Discussion in 'other anti-virus software' started by Firefighter, Sep 1, 2004.

Thread Status:
Not open for further replies.
  1. Firefighter

    Firefighter Registered Member

    Joined:
    Oct 28, 2002
    Posts:
    1,670
    Location:
    Finland
  2. Firefighter

    Firefighter Registered Member

    Joined:
    Oct 28, 2002
    Posts:
    1,670
    Location:
    Finland
    Once again! With MKS_VIR 2004, only KAV engined av:s were better against trojans & backdoors than MKS (eXtendia Pro - 99.90 %, MKS_Vir 2004 - 95.71 % and the second best non KAV based av, RAV 8.6.105 - 89.33 %). Good job with MKS!

    All these, even that MKS was not within those reference av:s (Kaspersky, F-Prot, RAV, Nod32, Dr.Web, Sophos, BitDefender, E-Trust and McAfee) from where one of these checked each sample as "infected". As we know, these reference av:s have some advantage in the results they don't actually deserve.

    Best regards,
    Firefighter!
     
    Last edited: Sep 1, 2004
  3. hbkh

    hbkh Registered Member

    Joined:
    Jan 15, 2004
    Posts:
    128
    Location:
    Ohio, USA
    Am I the only one slightly worried about the lack of details in this comparative? For example: If you download the detailed report (and read it :D ) it give a section called Performance and give you a number but fails to tell what the number implies? minutes? seconds? Also, there is a * next to "Windows" repeatly thoughout the report but no further notation of what the * is for? There are no specifics on the file versions or sig versions. Its things like that, that worry me.

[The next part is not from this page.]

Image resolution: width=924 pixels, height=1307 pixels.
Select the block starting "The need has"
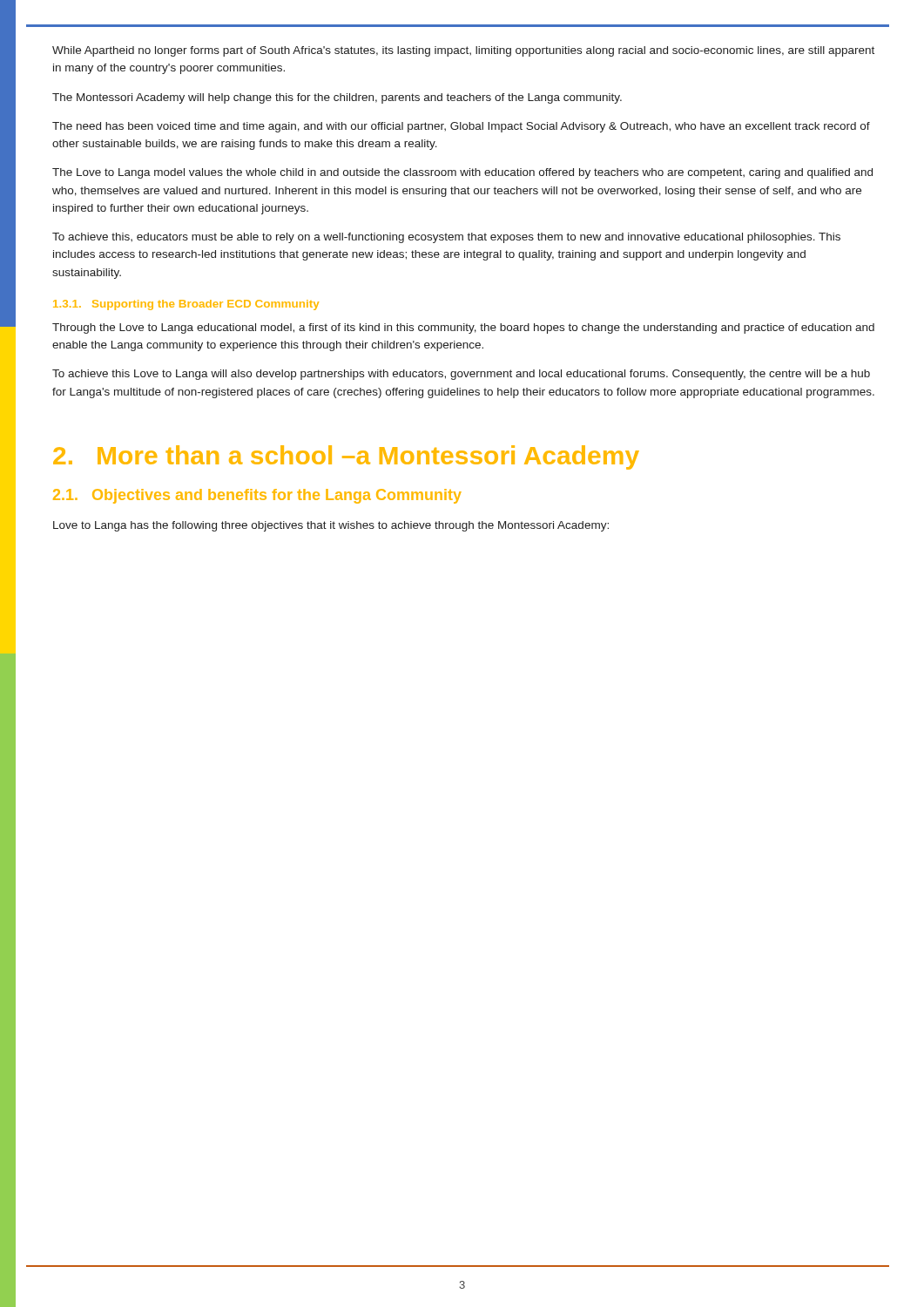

Just my honest opinion (I don't doubt the results are accurate but they way it is displayed could be much better) :)

    hbkh

    PS. I too am very impressed with MKS, maybe we finally found out what the polish are good at. :D
     
  4. Firefighter

    Firefighter Registered Member

    Joined:
    Oct 28, 2002
    Posts:
    1,670
    Location:
    Finland
    To everyone from Firefighter!

    Big steps forwards,

    NOD detected + 6,92 %

    MKS detected + 5.96 %


    About the same,

    BitDefender detected + 0,24 %


    and finally a step backwards,

    DrWeb detected - 1,98 %


    comparing this test to VirusP 10-2003!


    Best regards,
    Firefighter!
     
  5. profhsg

    profhsg Registered Member

    Joined:
    May 18, 2004
    Posts:
    145
    As far as NOD32 is concerned, I'd take the results from the test with a grain, no make that a ton, of salt. The author of the test used NOD32 version 1.840 to test. Given that the version is now 2 major revisions behind (current version 2.12) and has not been updated since April 2004, the test results should have virtually no relevance to the NOD32 that exists today. Indeed, given the use of NOD32 v. 1.840, I'm surprised that the product did as well as it did.
     
  6. Mele20

    Mele20 Former Poster

    Joined:
    Apr 29, 2002
    Posts:
    2,495
    Location:
    Hilo, Hawaii
    But you fail to mention that KAV 4.5 is the clear winner and that mks rated only number 15 in the test at 89.45%. That ain't so good...not at all bad, a lot better than other popular av, but not great like you imply. KAV 4.5 is the world's best AV without a doubt. It rated 99.09% and KAV 5.0 was number 5 where you would expect it to be the same or better than 4.5.
     
  7. se7engreen

    se7engreen Registered Member

    Joined:
    Feb 6, 2004
    Posts:
    369
    Location:
    USA
    I guess it's not suprising that KAV based scanners took the top 6 places. Some things that did suprise me are:
    Norton 2004 places better than SAV 9 o_O
    Norman VC did terrible
    Norton scored better than Panda, Bitdefender, Dr.Web, NOD32, and Avast :eek:

    And what's the deal with NOD32? Is that really the program version or is that the virus database version?
     
  8. Mele20

    Mele20 Former Poster

    Joined:
    Apr 29, 2002
    Posts:
    2,495
    Location:
    Hilo, Hawaii
    NOD32 - v.1.840 (20040811) It's the virus database version...NOT the version of NOD32 which is now at 2.12.2.
     
  9. profhsg

    profhsg Registered Member

    Joined:
    May 18, 2004
    Posts:
    145

    If this is accurate, I stand corrected. However, the author of the test should make clear that it's the database version, not the software version, which is being used.
     
  10. TAG97

    TAG97 Registered Member

    Joined:
    Feb 10, 2002
    Posts:
    616
    Location:
    Connecticut USA
    Nice Site o_O

    "Why collect computer viruses?



    Why should someone collect computer viruses


    Why not? Why collect stamps or cinema tickets?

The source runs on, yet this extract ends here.